TASK INSTRUCTIONS: Below are records; please write out exactly the lines from the first line through the line containing "Quick response, please. Yes.", with no pictures.

[Recorded data]
⁂

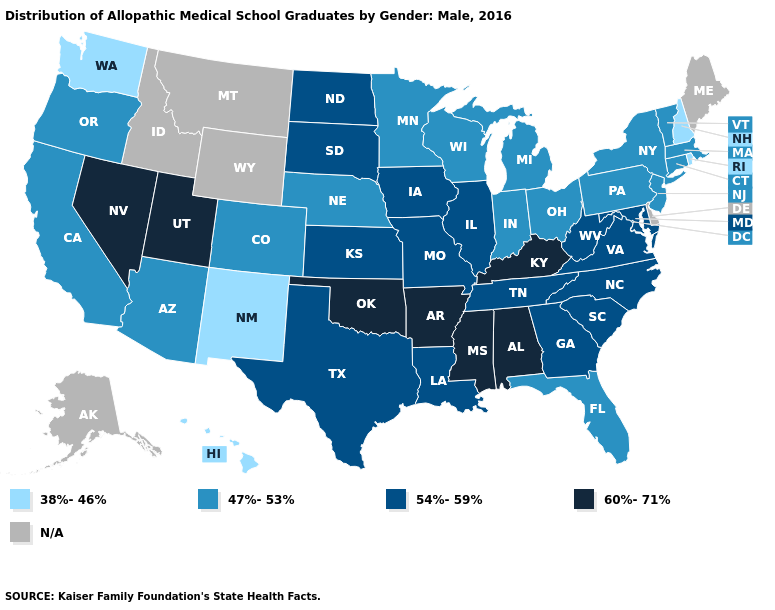Name the states that have a value in the range 38%-46%?
Be succinct. Hawaii, New Hampshire, New Mexico, Rhode Island, Washington. Does the first symbol in the legend represent the smallest category?
Short answer required. Yes. Name the states that have a value in the range 47%-53%?
Keep it brief. Arizona, California, Colorado, Connecticut, Florida, Indiana, Massachusetts, Michigan, Minnesota, Nebraska, New Jersey, New York, Ohio, Oregon, Pennsylvania, Vermont, Wisconsin. Which states have the lowest value in the MidWest?
Concise answer only. Indiana, Michigan, Minnesota, Nebraska, Ohio, Wisconsin. What is the lowest value in states that border New York?
Write a very short answer. 47%-53%. Does the map have missing data?
Quick response, please. Yes. What is the value of Oregon?
Write a very short answer. 47%-53%. Which states have the highest value in the USA?
Quick response, please. Alabama, Arkansas, Kentucky, Mississippi, Nevada, Oklahoma, Utah. What is the value of Hawaii?
Short answer required. 38%-46%. Does North Carolina have the highest value in the USA?
Answer briefly. No. Is the legend a continuous bar?
Concise answer only. No. What is the lowest value in the USA?
Answer briefly. 38%-46%. What is the highest value in the MidWest ?
Concise answer only. 54%-59%. What is the value of Missouri?
Short answer required. 54%-59%.

⁂

RESULT OF THE TASK:
Name the states that have a value in the range 38%-46%?
Be succinct. Hawaii, New Hampshire, New Mexico, Rhode Island, Washington. Does the first symbol in the legend represent the smallest category?
Short answer required. Yes. Name the states that have a value in the range 47%-53%?
Keep it brief. Arizona, California, Colorado, Connecticut, Florida, Indiana, Massachusetts, Michigan, Minnesota, Nebraska, New Jersey, New York, Ohio, Oregon, Pennsylvania, Vermont, Wisconsin. Which states have the lowest value in the MidWest?
Concise answer only. Indiana, Michigan, Minnesota, Nebraska, Ohio, Wisconsin. What is the lowest value in states that border New York?
Write a very short answer. 47%-53%. Does the map have missing data?
Quick response, please. Yes. What is the value of Oregon?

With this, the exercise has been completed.